— Exercise —
Look through the entries below and return all lines including the word "values".

** Opening Provided records block **

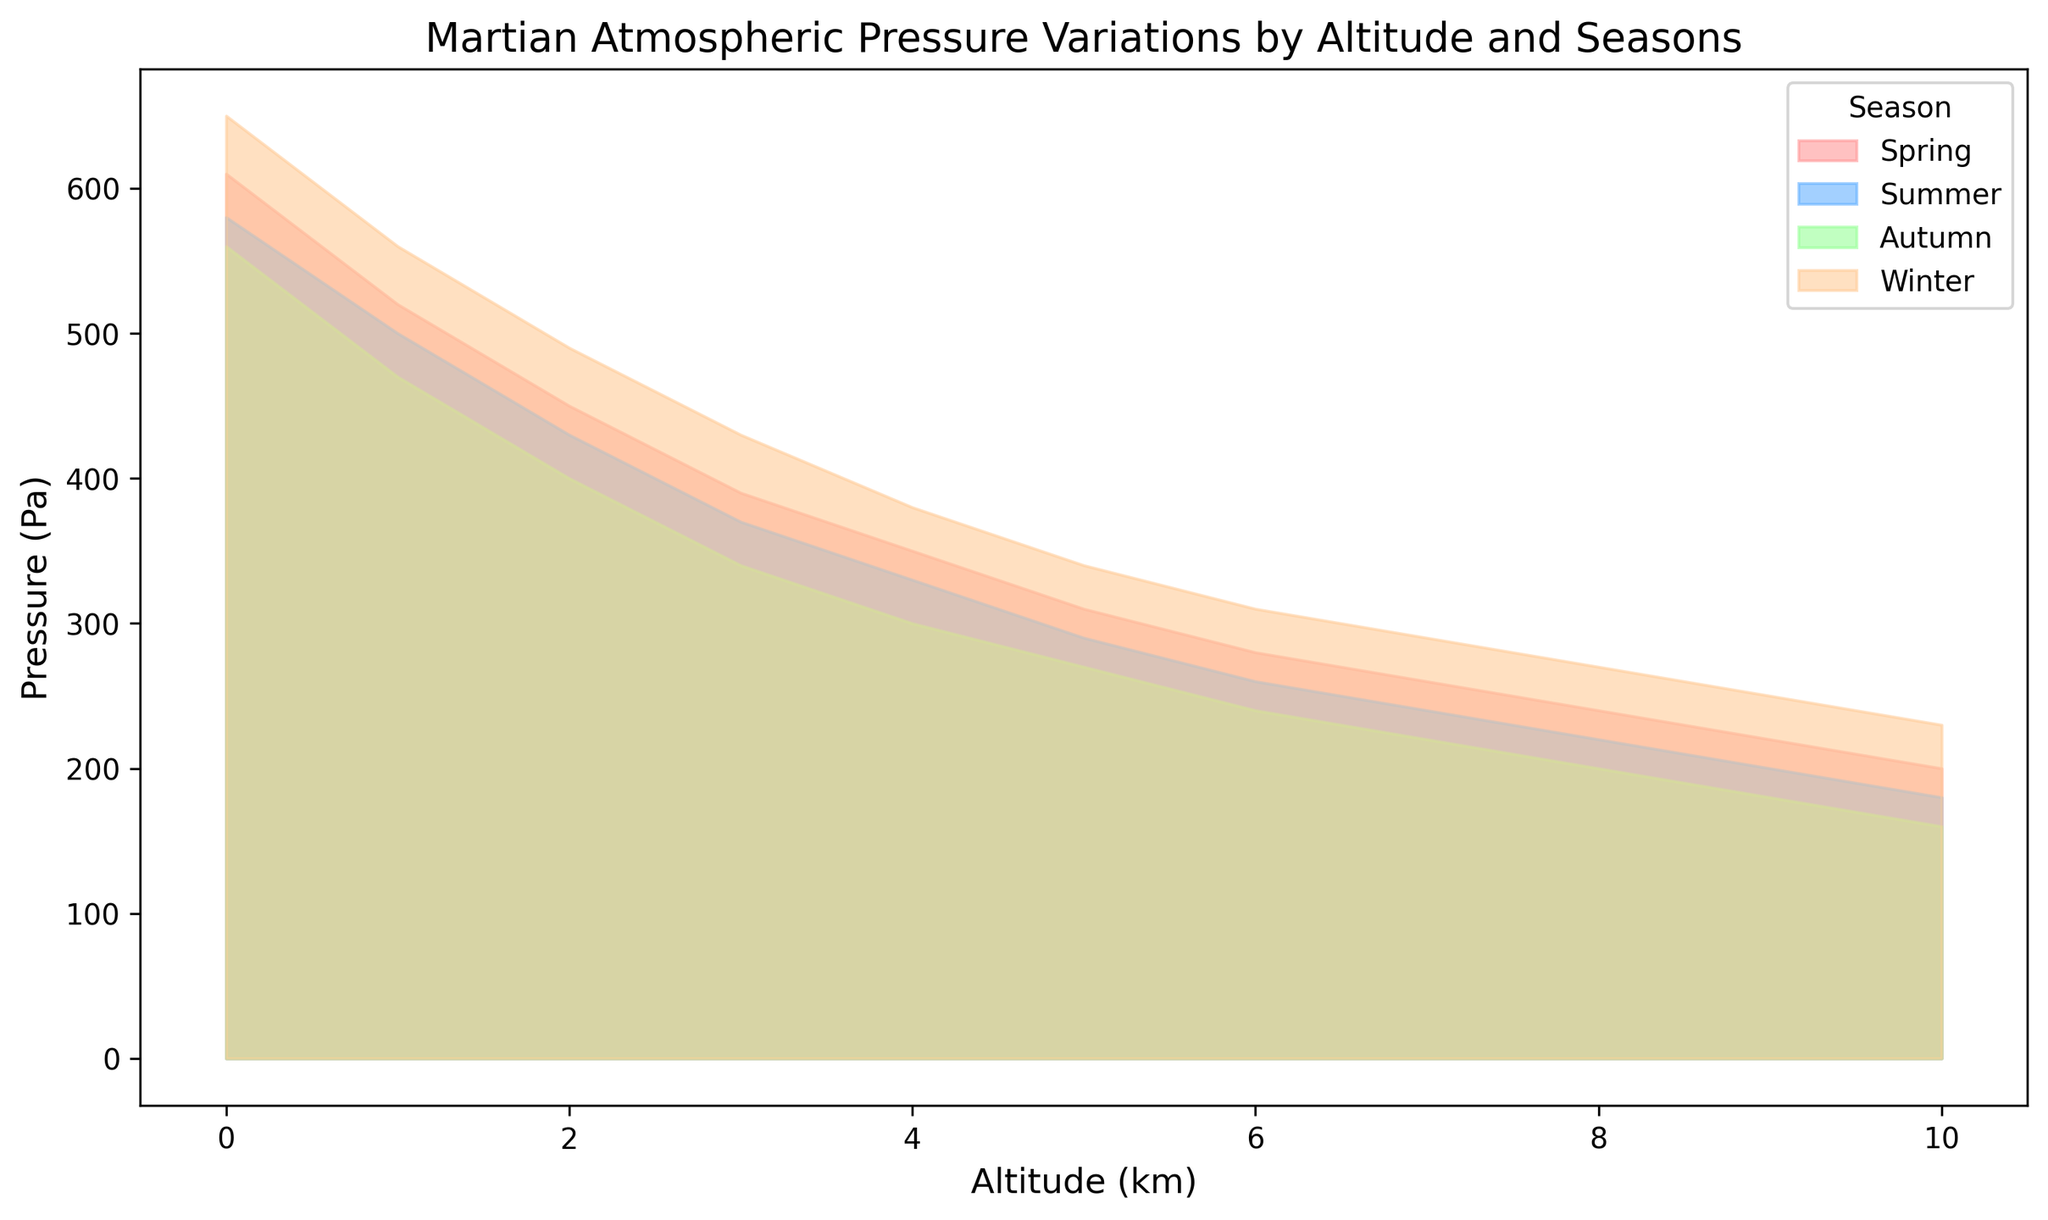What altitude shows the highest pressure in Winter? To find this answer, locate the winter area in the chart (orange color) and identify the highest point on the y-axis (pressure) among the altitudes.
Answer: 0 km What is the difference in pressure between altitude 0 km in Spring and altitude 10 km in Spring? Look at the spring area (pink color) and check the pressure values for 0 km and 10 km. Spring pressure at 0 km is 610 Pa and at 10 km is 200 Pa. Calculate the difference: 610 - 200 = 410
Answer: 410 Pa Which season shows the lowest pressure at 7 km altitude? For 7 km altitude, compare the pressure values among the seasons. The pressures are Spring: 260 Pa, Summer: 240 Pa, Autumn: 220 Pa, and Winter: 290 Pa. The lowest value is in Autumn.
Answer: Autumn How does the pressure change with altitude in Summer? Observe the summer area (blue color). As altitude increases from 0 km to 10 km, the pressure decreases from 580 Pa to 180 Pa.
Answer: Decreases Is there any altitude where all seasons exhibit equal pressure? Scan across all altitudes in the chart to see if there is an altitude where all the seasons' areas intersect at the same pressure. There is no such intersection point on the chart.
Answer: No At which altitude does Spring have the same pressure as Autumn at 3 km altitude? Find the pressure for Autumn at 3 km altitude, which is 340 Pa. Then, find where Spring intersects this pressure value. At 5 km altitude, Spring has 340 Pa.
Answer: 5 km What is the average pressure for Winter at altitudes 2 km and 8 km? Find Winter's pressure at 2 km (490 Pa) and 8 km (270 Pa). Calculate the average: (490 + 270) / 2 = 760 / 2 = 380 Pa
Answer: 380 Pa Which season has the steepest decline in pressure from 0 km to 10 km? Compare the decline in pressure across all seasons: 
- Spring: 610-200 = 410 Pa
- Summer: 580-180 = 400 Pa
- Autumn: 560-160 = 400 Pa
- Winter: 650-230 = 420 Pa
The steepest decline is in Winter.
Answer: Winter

** Closing Provided records block **

— Written answer —
Answer: 0 km What is the difference in pressure between altitude 0 km in Spring and altitude 10 km in Spring? Look at the spring area (pink color) and check the pressure values for 0 km and 10 km. Spring pressure at 0 km is 610 Pa and at 10 km is 200 Pa. Calculate the difference: 610 - 200 = 410
Answer: 410 Pa Which season shows the lowest pressure at 7 km altitude? For 7 km altitude, compare the pressure values among the seasons. The pressures are Spring: 260 Pa, Summer: 240 Pa, Autumn: 220 Pa, and Winter: 290 Pa. The lowest value is in Autumn.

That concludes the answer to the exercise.